Source data
"""
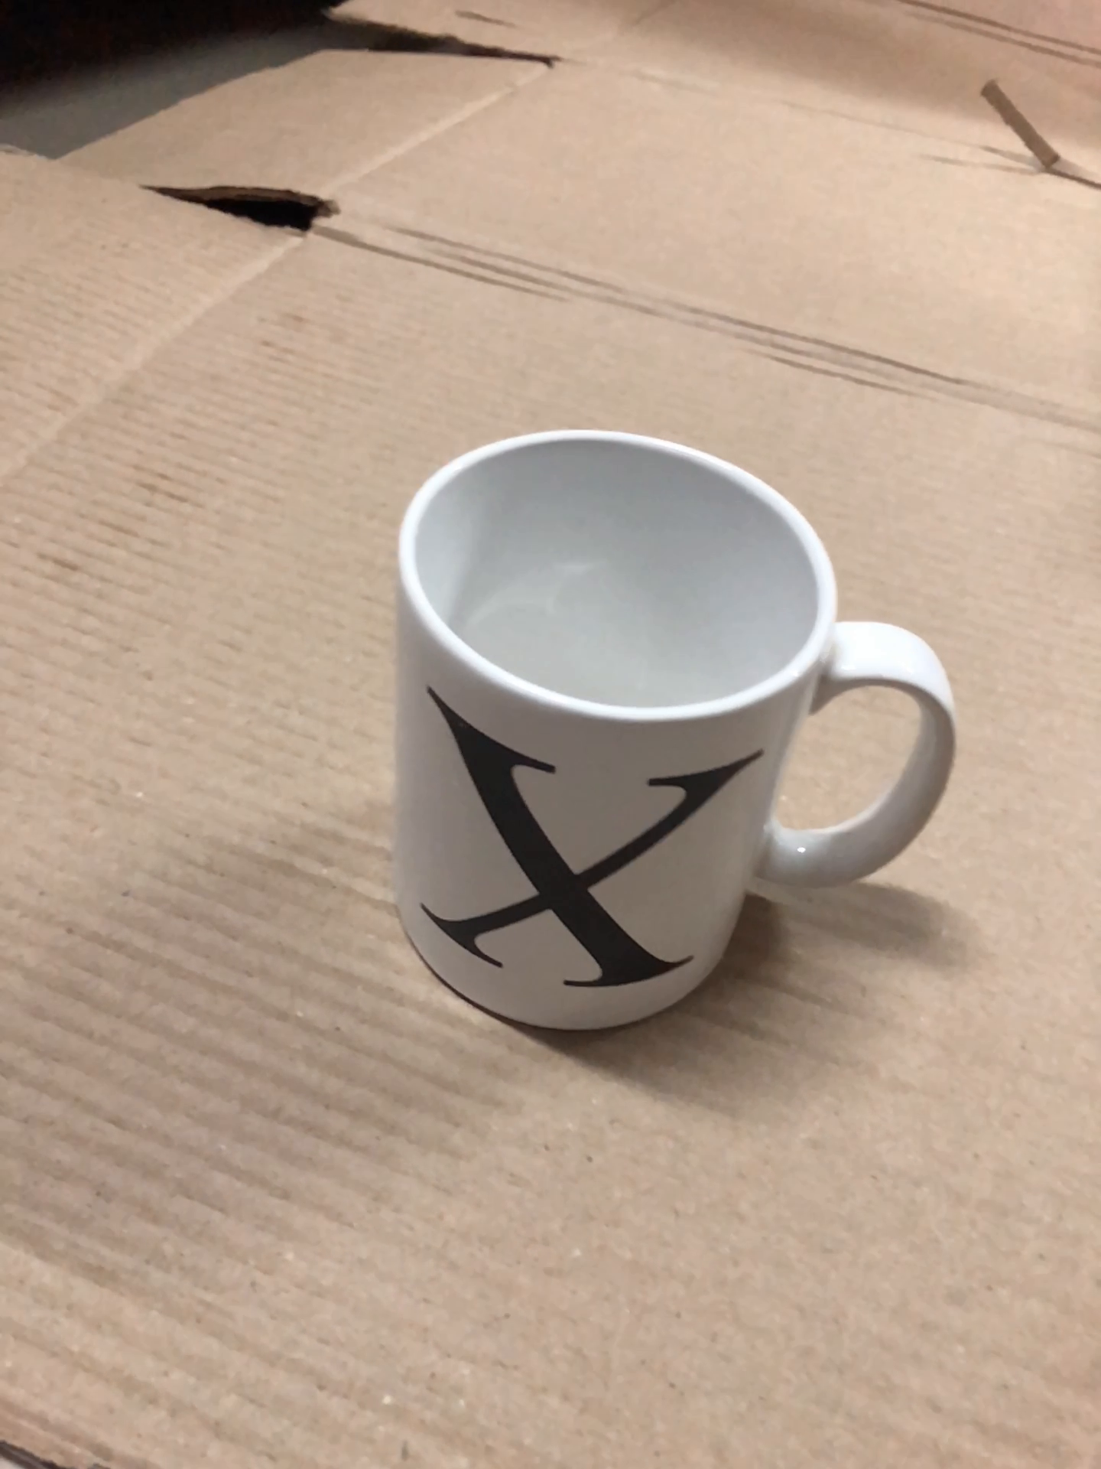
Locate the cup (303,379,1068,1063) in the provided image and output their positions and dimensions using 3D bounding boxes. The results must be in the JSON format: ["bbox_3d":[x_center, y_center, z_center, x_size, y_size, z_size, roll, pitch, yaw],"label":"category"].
[{"bbox_3d":[0.017,-0.002,0.235,0.110,0.089,0.081,6,41,-2],"label":"cup"}]
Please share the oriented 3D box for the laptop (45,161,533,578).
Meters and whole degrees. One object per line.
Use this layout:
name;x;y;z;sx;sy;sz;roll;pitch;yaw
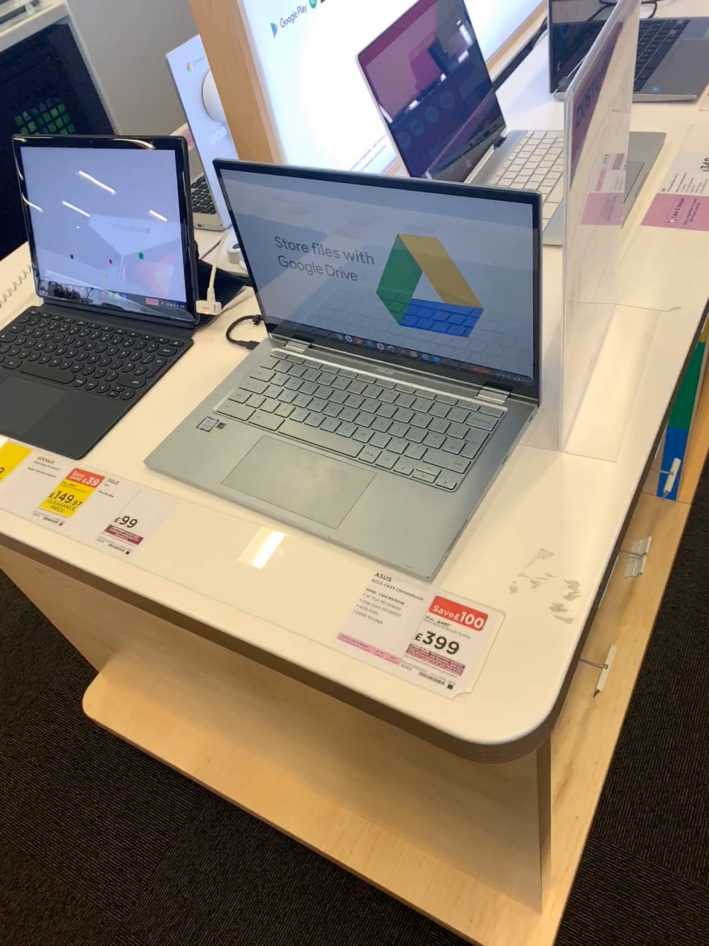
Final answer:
laptop;-0.041;-0.104;0.611;0.318;0.195;0.204;19;56;30
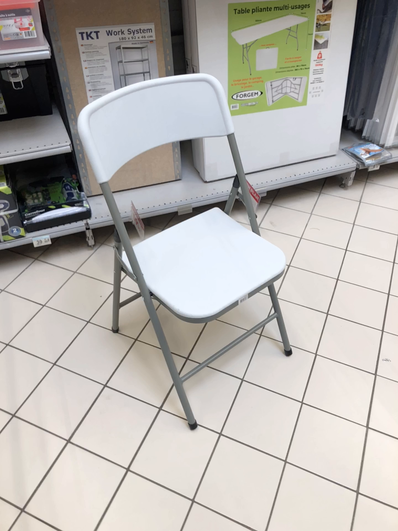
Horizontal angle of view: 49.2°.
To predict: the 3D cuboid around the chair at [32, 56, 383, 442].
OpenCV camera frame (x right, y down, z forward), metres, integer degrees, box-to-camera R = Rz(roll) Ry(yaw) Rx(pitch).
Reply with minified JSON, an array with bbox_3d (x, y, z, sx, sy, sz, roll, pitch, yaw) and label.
[{"bbox_3d":[0.004,-0.061,1.211,0.542,0.746,0.561,-29,50,-28],"label":"chair"}]
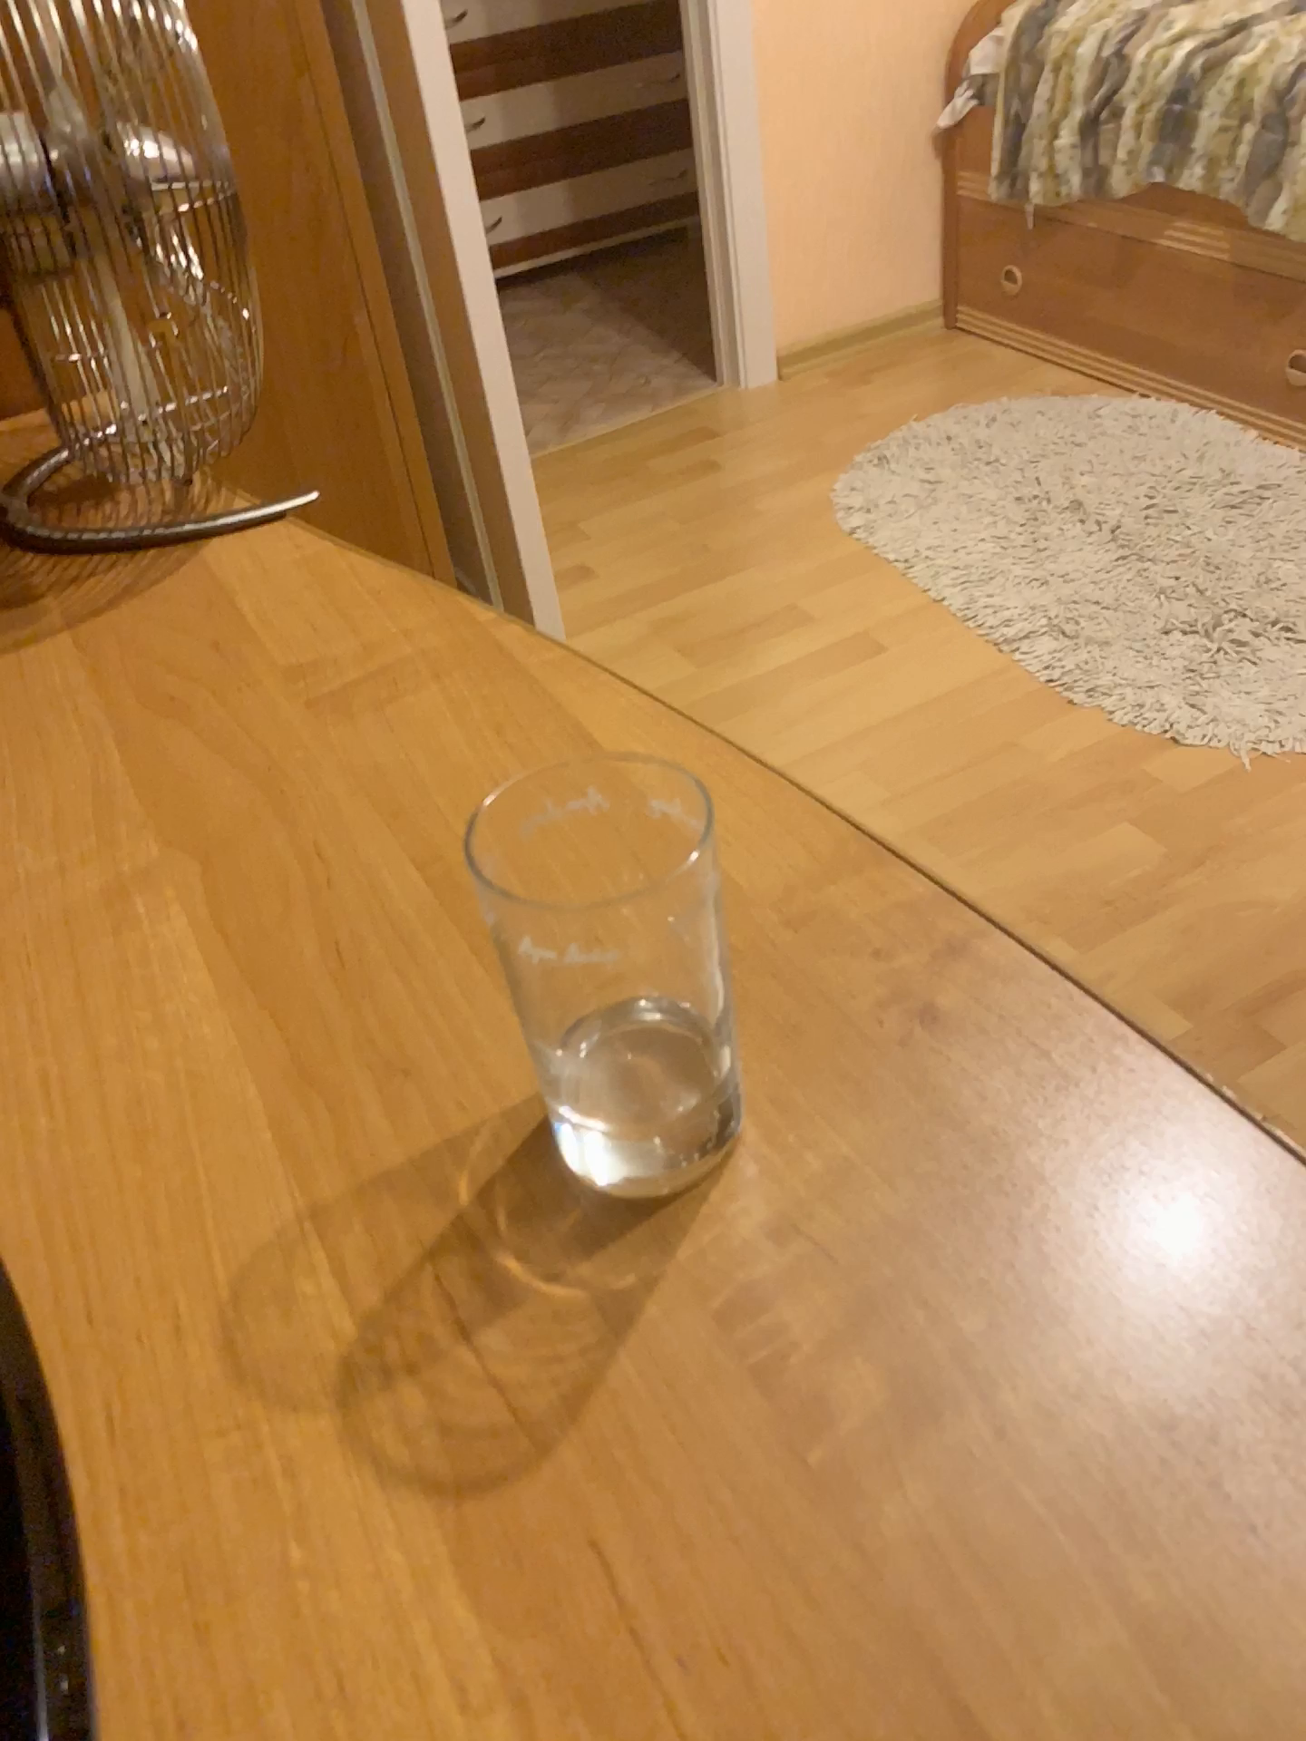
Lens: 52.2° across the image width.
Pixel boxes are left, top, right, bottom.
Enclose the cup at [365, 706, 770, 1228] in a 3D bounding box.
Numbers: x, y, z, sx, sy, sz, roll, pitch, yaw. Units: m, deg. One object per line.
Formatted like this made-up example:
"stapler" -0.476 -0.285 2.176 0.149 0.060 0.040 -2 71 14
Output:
"cup" -0.014 0.023 0.314 0.060 0.099 0.060 -6 39 5
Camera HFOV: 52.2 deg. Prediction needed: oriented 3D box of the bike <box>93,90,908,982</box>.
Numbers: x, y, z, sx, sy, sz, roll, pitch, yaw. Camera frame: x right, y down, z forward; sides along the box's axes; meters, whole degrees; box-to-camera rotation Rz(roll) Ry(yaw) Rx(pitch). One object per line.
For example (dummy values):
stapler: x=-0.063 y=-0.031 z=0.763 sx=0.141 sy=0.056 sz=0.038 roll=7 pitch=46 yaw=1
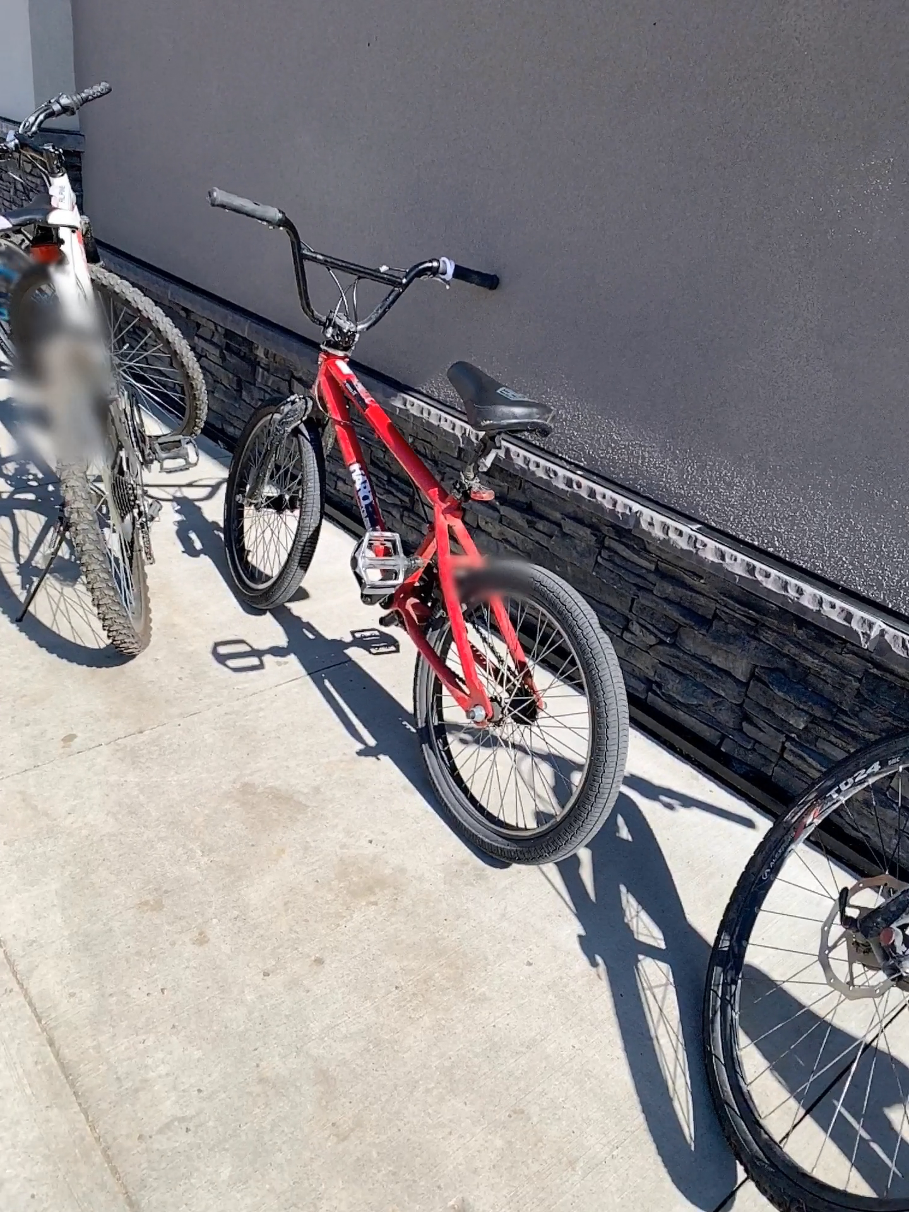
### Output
bike: x=-0.067 y=-0.288 z=1.751 sx=0.774 sy=0.908 sz=1.317 roll=-12 pitch=37 yaw=-34
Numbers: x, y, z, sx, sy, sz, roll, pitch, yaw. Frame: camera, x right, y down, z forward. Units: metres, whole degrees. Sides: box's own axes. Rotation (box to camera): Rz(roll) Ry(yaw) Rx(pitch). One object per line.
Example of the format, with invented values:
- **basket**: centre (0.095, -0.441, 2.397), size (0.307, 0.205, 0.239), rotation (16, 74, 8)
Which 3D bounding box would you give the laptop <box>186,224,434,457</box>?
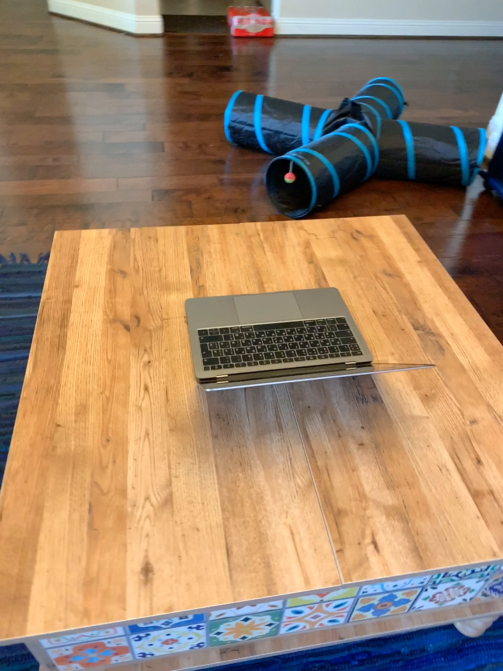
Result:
- **laptop**: centre (0.058, -0.016, 0.810), size (0.290, 0.141, 0.355), rotation (-5, 43, -9)
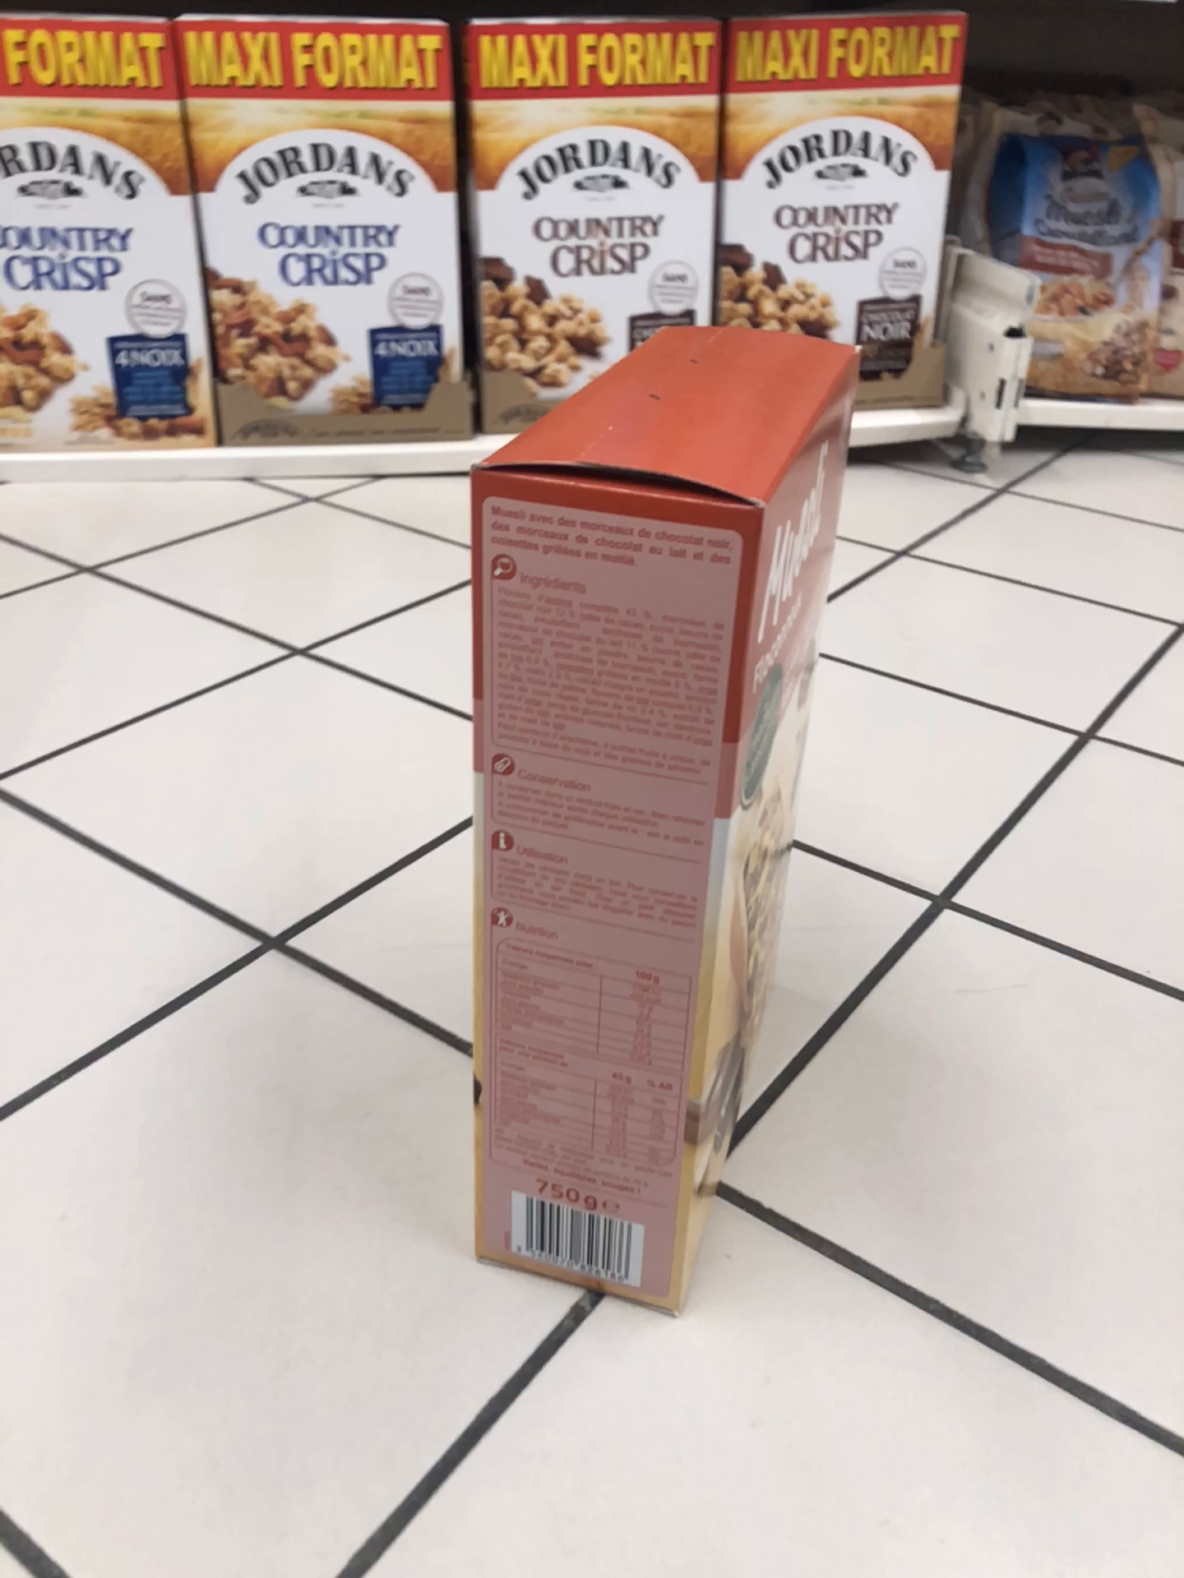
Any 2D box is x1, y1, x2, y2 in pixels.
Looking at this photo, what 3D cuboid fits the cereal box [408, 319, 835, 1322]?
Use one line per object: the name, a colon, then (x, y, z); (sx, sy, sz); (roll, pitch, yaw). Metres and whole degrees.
"""
Exercise details -
Write out each entry exactly as given, but skip the pictures.

Task solution -
Locate the cup (303,379,1068,1063) in the provided image and output their positions and dimensions using 3D bounding boxes. The results must be in the JSON format: ["bbox_3d":[x_center, y_center, z_center, x_size, y_size, z_size, roll, pitch, yaw],"label":"category"].
[{"bbox_3d":[0.017,-0.002,0.235,0.110,0.089,0.081,6,41,-2],"label":"cup"}]
Please share the oriented 3D box for the laptop (45,161,533,578).
Meters and whole degrees. One object per line.
Use this layout:
name;x;y;z;sx;sy;sz;roll;pitch;yaw
Final answer:
laptop;-0.041;-0.104;0.611;0.318;0.195;0.204;19;56;30
Horizontal angle of view: 49.2°.
To predict: the 3D cuboid around the chair at [32, 56, 383, 442].
OpenCV camera frame (x right, y down, z forward), metres, integer degrees, box-to-camera R = Rz(roll) Ry(yaw) Rx(pitch).
Reply with minified JSON, an array with bbox_3d (x, y, z, sx, sy, sz, roll, pitch, yaw) and label.
[{"bbox_3d":[0.004,-0.061,1.211,0.542,0.746,0.561,-29,50,-28],"label":"chair"}]
Lens: 52.2° across the image width.
Pixel boxes are left, top, right, bottom.
Enclose the cup at [365, 706, 770, 1228] in a 3D bounding box.
Numbers: x, y, z, sx, sy, sz, roll, pitch, yaw. Units: m, deg. One object per line.
Formatted like this made-up example:
"stapler" -0.476 -0.285 2.176 0.149 0.060 0.040 -2 71 14
Output:
"cup" -0.014 0.023 0.314 0.060 0.099 0.060 -6 39 5
Camera HFOV: 52.2 deg. Prediction needed: oriented 3D box of the bike <box>93,90,908,982</box>.
Numbers: x, y, z, sx, sy, sz, roll, pitch, yaw. Camera frame: x right, y down, z forward; sides along the box's axes; meters, whole degrees; box-to-camera rotation Rz(roll) Ry(yaw) Rx(pitch). One object per line.
For example (dummy values):
stapler: x=-0.063 y=-0.031 z=0.763 sx=0.141 sy=0.056 sz=0.038 roll=7 pitch=46 yaw=1
### Output
bike: x=-0.067 y=-0.288 z=1.751 sx=0.774 sy=0.908 sz=1.317 roll=-12 pitch=37 yaw=-34
Numbers: x, y, z, sx, sy, sz, roll, pitch, yaw. Frame: camera, x right, y down, z forward. Units: metres, whole degrees. Sides: box's own axes. Rotation (box to camera): Rz(roll) Ry(yaw) Rx(pitch). One object per line.
Example of the format, with invented values:
- **basket**: centre (0.095, -0.441, 2.397), size (0.307, 0.205, 0.239), rotation (16, 74, 8)
Which 3D bounding box would you give the laptop <box>186,224,434,457</box>?
Result:
- **laptop**: centre (0.058, -0.016, 0.810), size (0.290, 0.141, 0.355), rotation (-5, 43, -9)
Any 2D box is x1, y1, x2, y2 in pixels.
Looking at this photo, what 3D cuboid fits the cereal box [408, 319, 835, 1322]?
Use one line per object: the name, a colon, then (x, y, z); (sx, sy, sz); (roll, pitch, yaw). Metres and whole degrees.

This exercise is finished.